• Provided material
*** Begin section ***

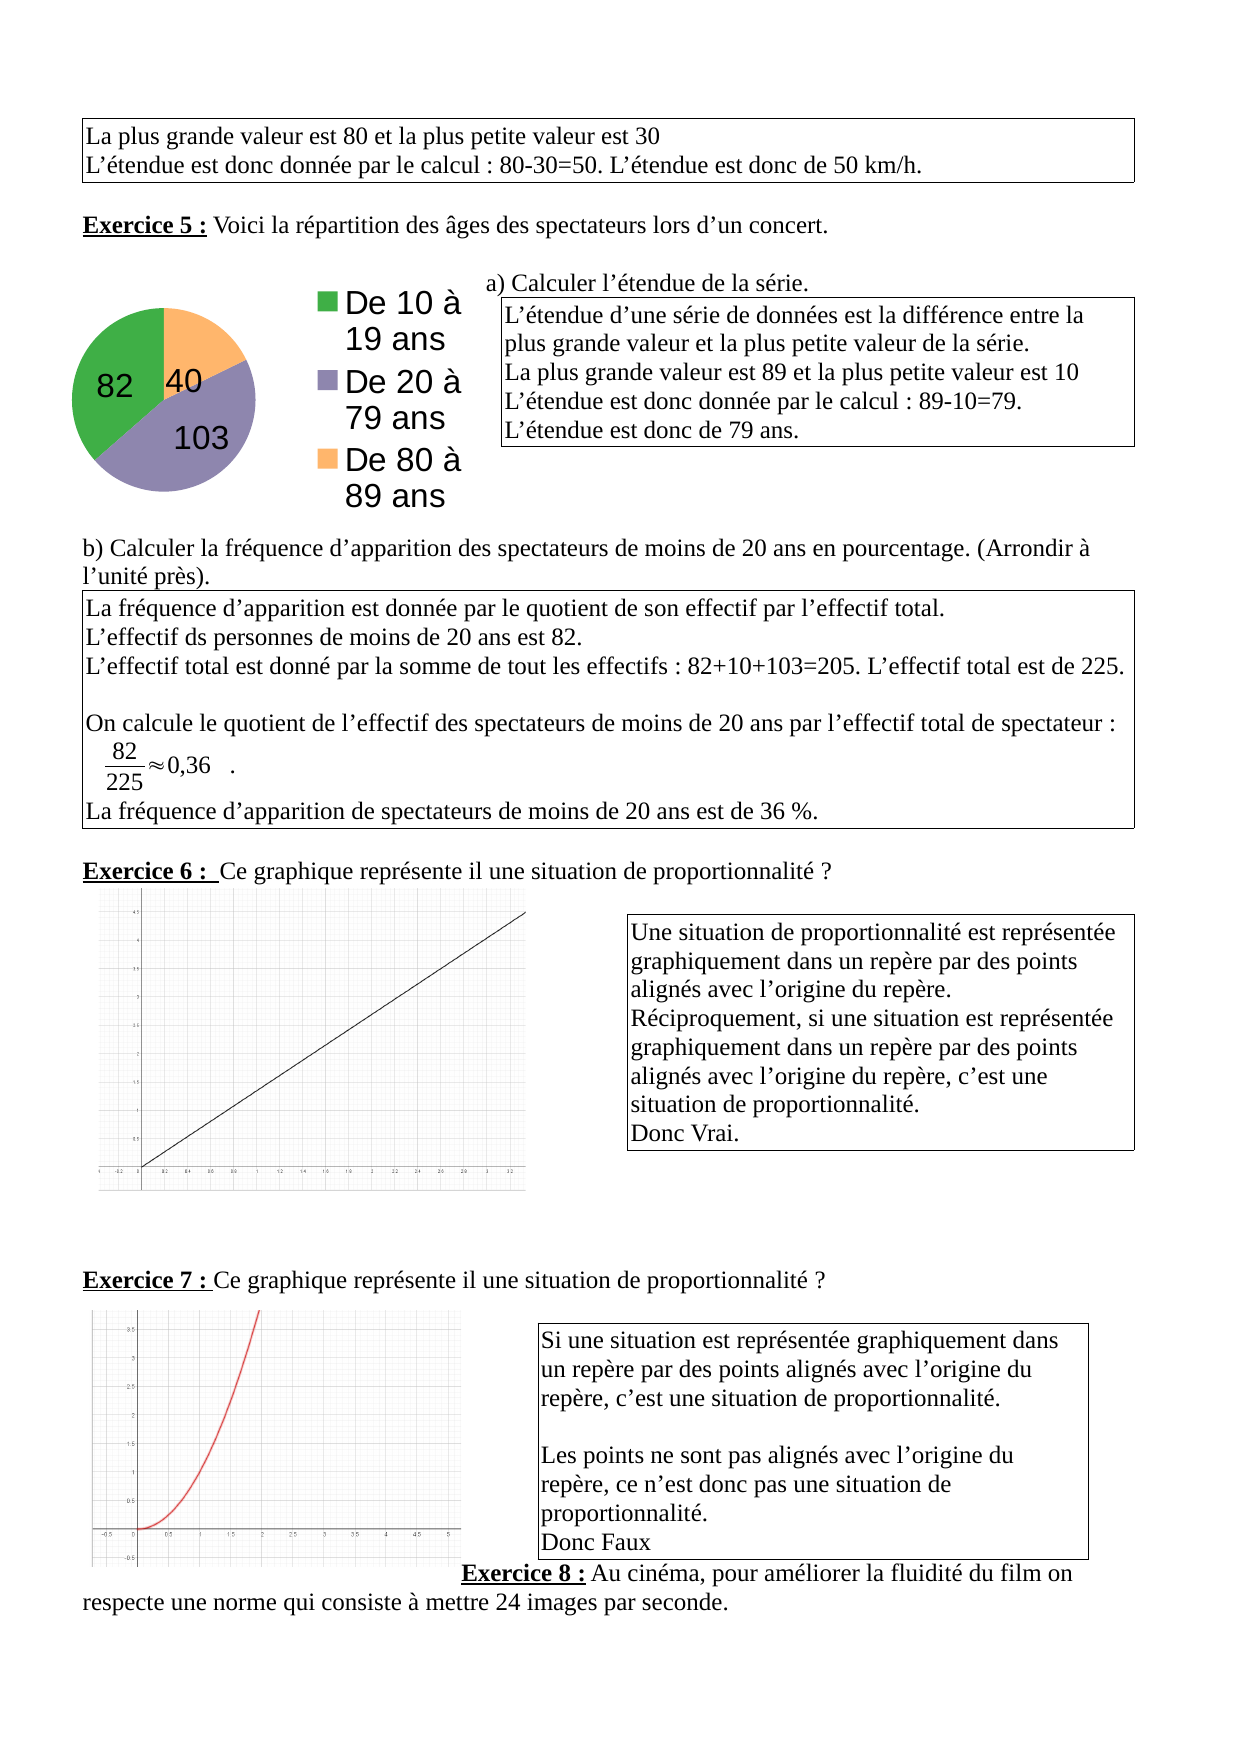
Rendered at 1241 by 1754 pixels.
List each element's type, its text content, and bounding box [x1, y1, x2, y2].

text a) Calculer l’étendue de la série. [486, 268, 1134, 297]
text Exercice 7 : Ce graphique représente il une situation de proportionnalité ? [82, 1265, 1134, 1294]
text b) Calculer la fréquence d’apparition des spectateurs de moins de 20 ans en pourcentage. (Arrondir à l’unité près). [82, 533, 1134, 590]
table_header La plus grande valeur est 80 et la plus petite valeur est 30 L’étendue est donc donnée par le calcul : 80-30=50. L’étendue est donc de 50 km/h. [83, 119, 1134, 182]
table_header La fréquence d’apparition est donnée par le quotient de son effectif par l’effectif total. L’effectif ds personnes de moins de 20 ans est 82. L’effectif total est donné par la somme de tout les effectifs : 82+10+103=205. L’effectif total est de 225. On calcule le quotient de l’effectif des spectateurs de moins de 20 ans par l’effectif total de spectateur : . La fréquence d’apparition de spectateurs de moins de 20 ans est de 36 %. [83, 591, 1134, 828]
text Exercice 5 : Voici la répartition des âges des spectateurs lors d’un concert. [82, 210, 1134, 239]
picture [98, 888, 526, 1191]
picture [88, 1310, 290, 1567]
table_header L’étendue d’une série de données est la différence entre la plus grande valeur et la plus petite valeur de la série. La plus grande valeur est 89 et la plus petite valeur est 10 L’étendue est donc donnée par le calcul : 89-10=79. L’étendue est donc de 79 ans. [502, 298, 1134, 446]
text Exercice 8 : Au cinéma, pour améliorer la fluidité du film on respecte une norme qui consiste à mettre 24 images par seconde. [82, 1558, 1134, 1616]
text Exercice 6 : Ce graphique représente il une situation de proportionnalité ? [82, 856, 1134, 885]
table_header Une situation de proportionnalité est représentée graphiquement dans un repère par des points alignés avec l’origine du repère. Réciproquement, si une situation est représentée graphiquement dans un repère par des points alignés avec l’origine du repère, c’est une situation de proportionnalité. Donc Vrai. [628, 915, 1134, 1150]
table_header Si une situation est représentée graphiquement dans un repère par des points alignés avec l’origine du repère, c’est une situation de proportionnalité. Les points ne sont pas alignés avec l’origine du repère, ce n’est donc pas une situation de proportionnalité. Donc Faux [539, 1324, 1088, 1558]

*** End section ***
*** Begin section ***

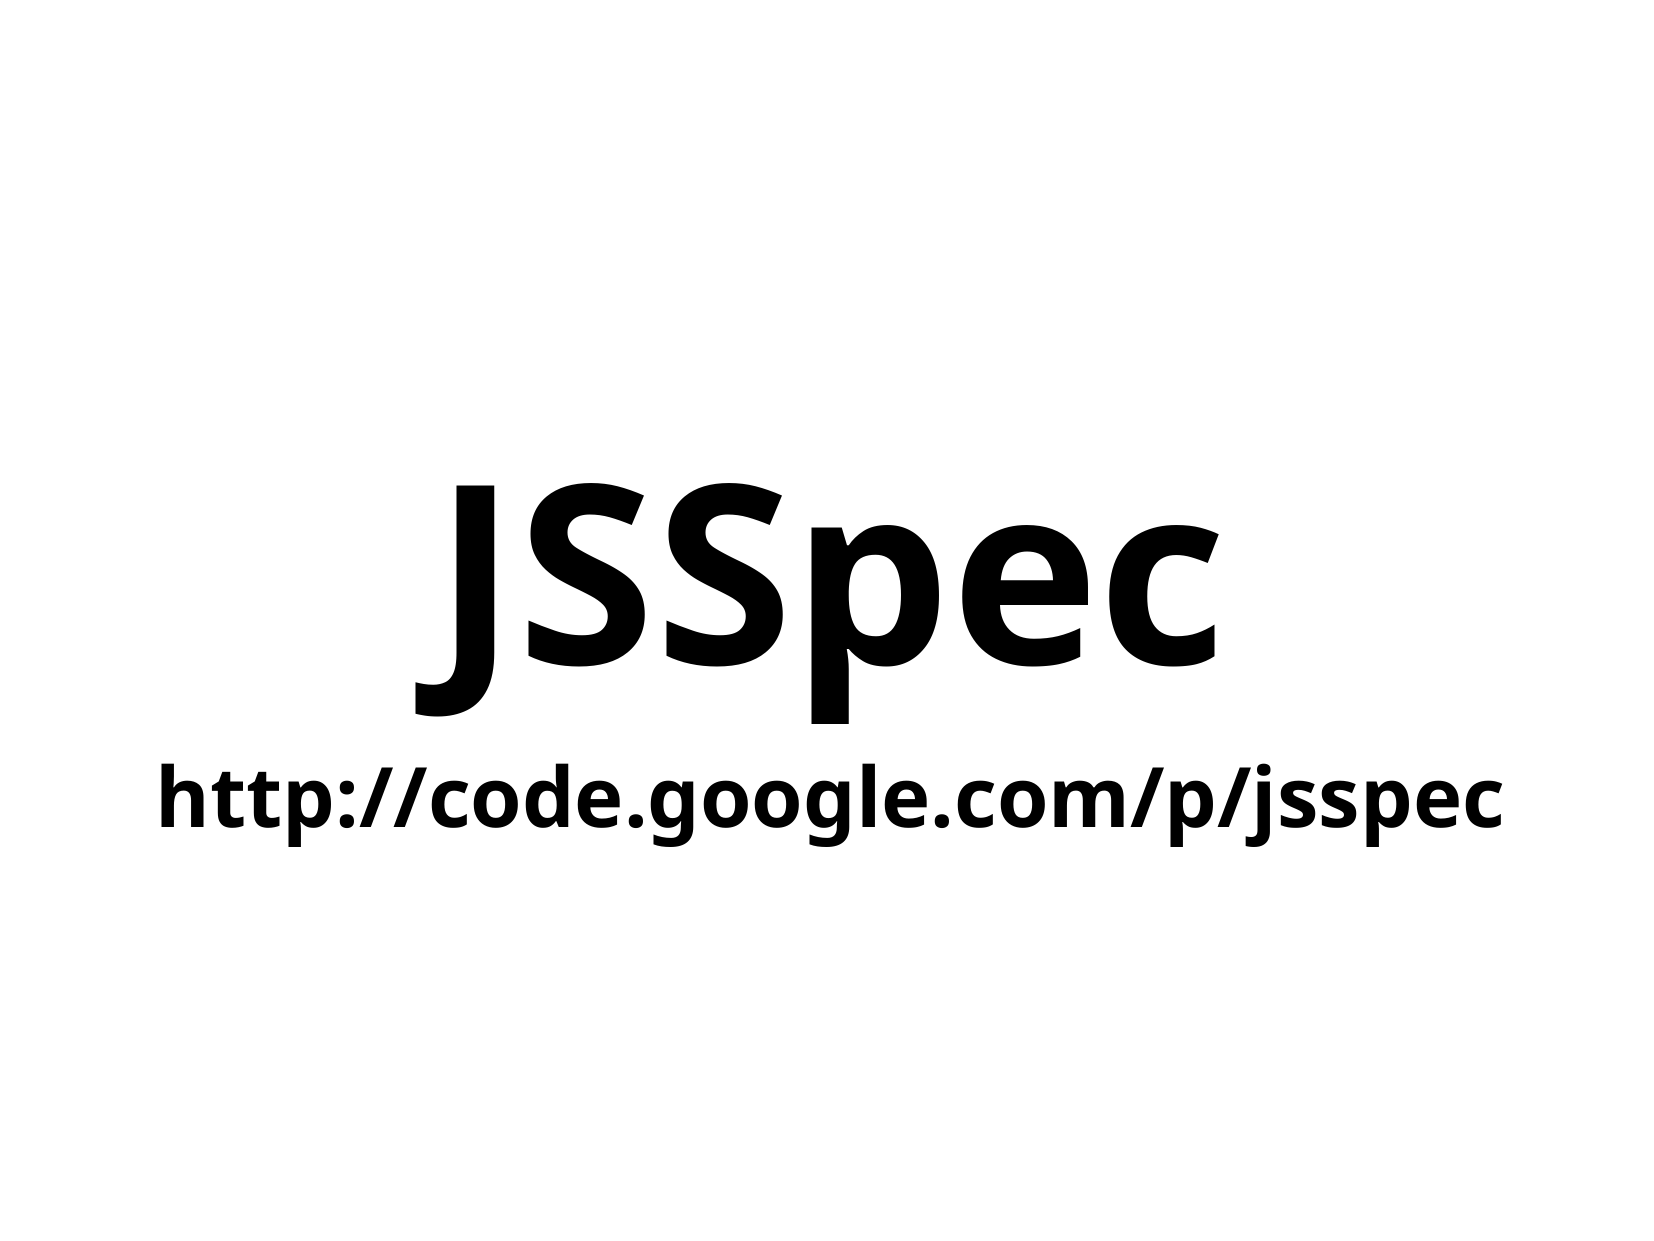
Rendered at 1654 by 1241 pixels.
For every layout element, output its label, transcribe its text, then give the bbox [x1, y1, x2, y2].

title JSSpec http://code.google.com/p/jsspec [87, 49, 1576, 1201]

*** End section ***

• Problem
Scan the material above. Copy each line that holds the word "Rendered".

• Answer area
Rendered at 1241 by 1754 pixels.
Rendered at 1654 by 1241 pixels.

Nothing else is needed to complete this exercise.